8 thoughts on “How Do You Handle Problems with Neighbors?

  1. The way you handled those situations, works most of the time. And doing it that way, you still had friendly neighbors in the morning. And someday you may have needed their help. A friendly neighbor is always better than living next door to an enemy.

    One Saturday night, the parents of three teenage daughters left their girls home for the night. When they left, their girls had a loud party with music just blaring. Their house was 15 feet from mine. I needed to get up early in the morning. I was angry, but I knew it probably wouldn’t have done any good to say anything to those wild teenagers, so I tape recorded what I heard outside my bedroom window. The next day, I talked to both parents, got out the tape recorder, played it, and said; “This is what I heard last night at 11:00, this loud, while I was lying in bed.” I didn’t have to say another word. They took care of that problem.

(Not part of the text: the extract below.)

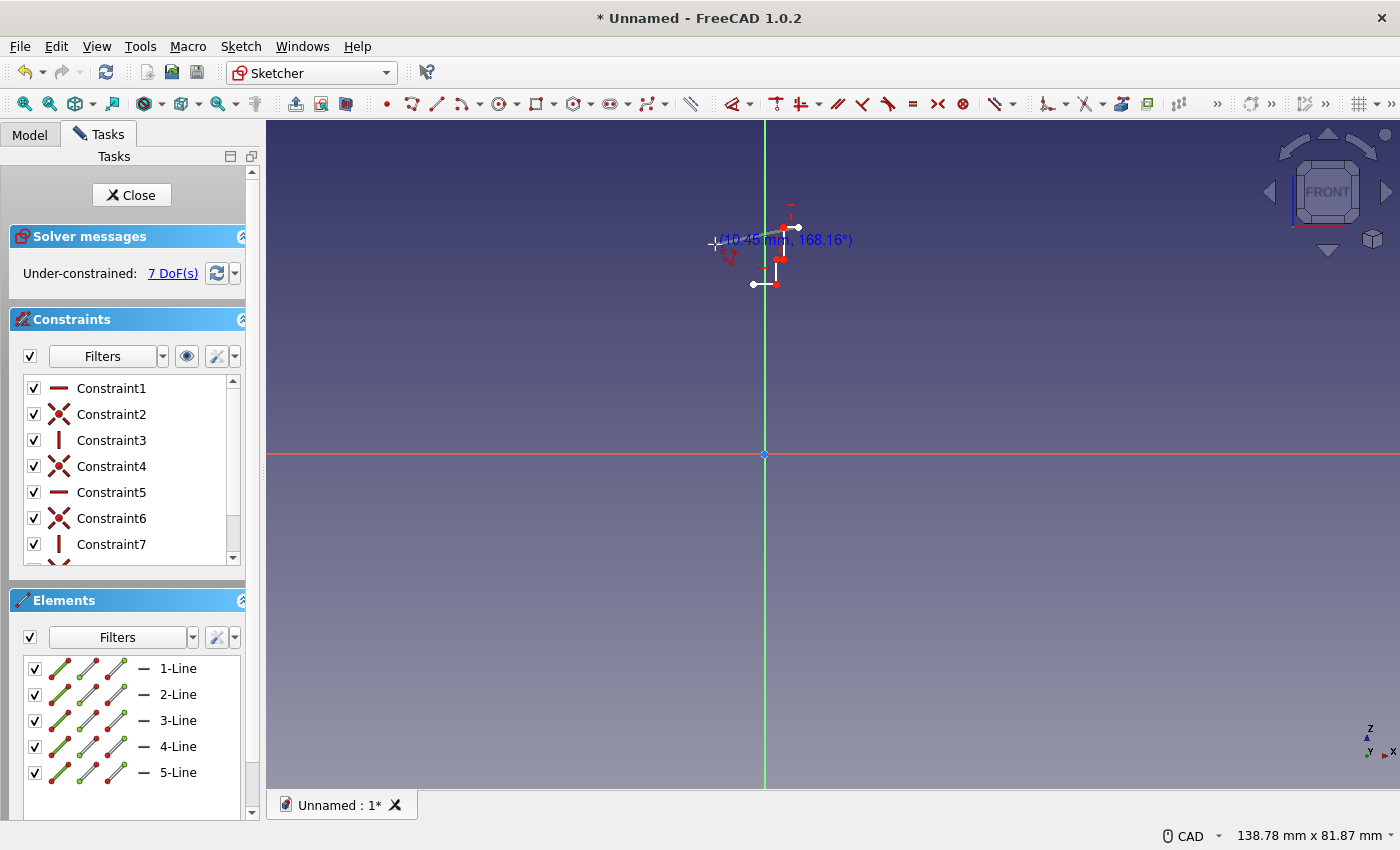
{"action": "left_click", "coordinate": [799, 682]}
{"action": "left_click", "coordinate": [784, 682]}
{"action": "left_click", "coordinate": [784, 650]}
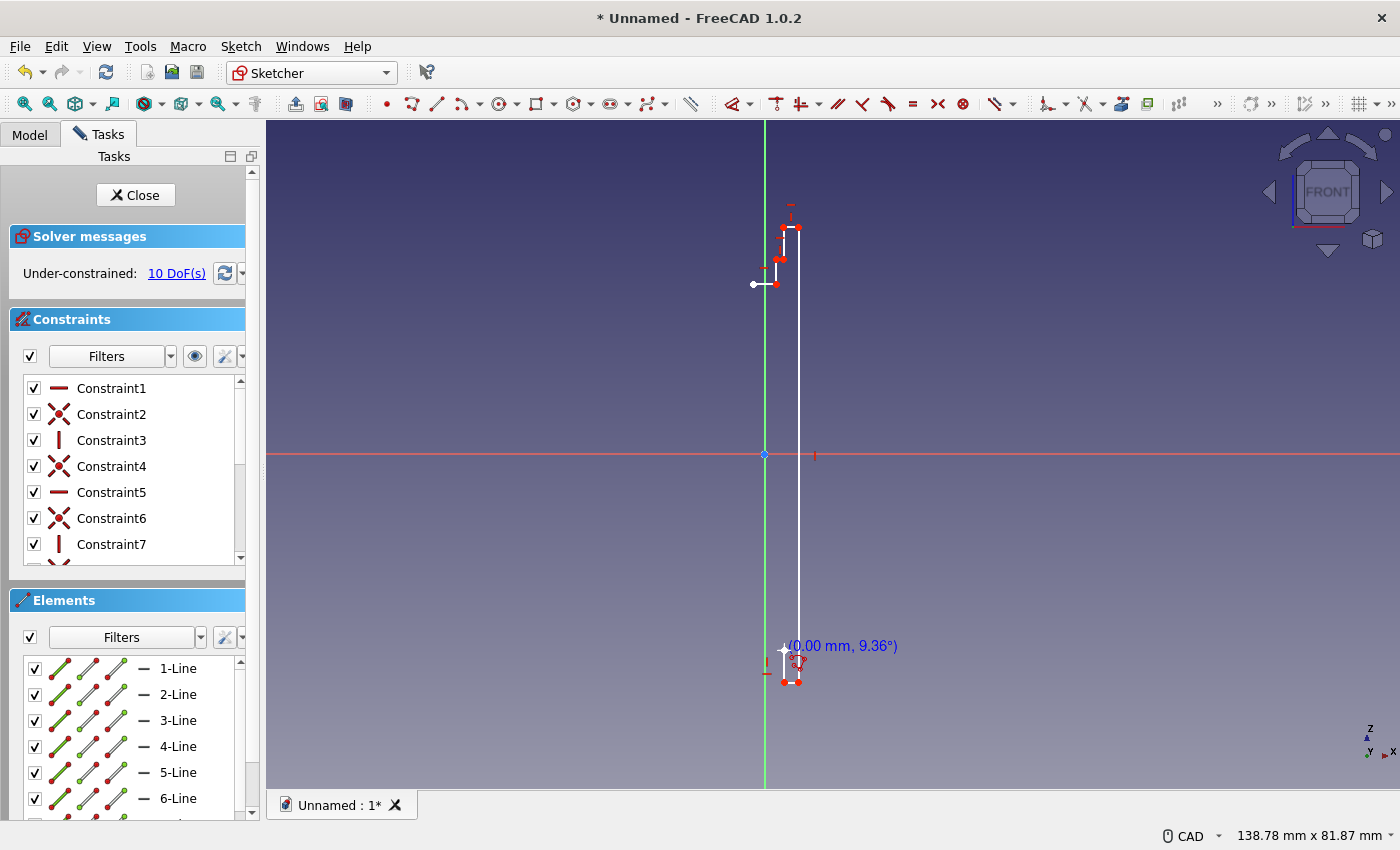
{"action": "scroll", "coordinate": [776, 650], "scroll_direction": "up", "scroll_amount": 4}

    One time, I lived in an apartment building with walls so thin, you could hear a fly crawling on the other side. One night, about 2:00 in the morning, loud music could be heard. I didn’t say anything the first time it occurred. A few days later, it happened again. I went to talk to my neighbors. A young man came to the door. I mentioned the music. He got red in the face, when he told me the reason. They turned up the music to cover up their sounds of procreating. We both started to laugh. I had no idea of what to say, and just walked away. After that, I was only bothered a few times with loud music.

    Liked by 2 people

    1. Michael, regarding the teens: I think that was really wise! Regarding the couple, I suppose you could have said something like, “Well, I don’t know which I’d rather hear, the sound of procreating or the music!” 😂

      Like

      1. Yeah, that was the problem, I really didn’t know what I wanted to hear less of, the music, and I really didn’t relish the sounds of what else was going on. I really was at a loss as to what to say.

        Liked by 1 person

          1. I think that was one of the times, when dealing with the three teenage girls I had the wisdom of Solomon, a high shinning point in my life. Unfortunately, the times I was on the level of the court jester, I think out numbers my Solomon moments.

            In the other case, just bringing up the issue, with a bit of laughing was all it took. After all, what was going on, is just a normal part of life.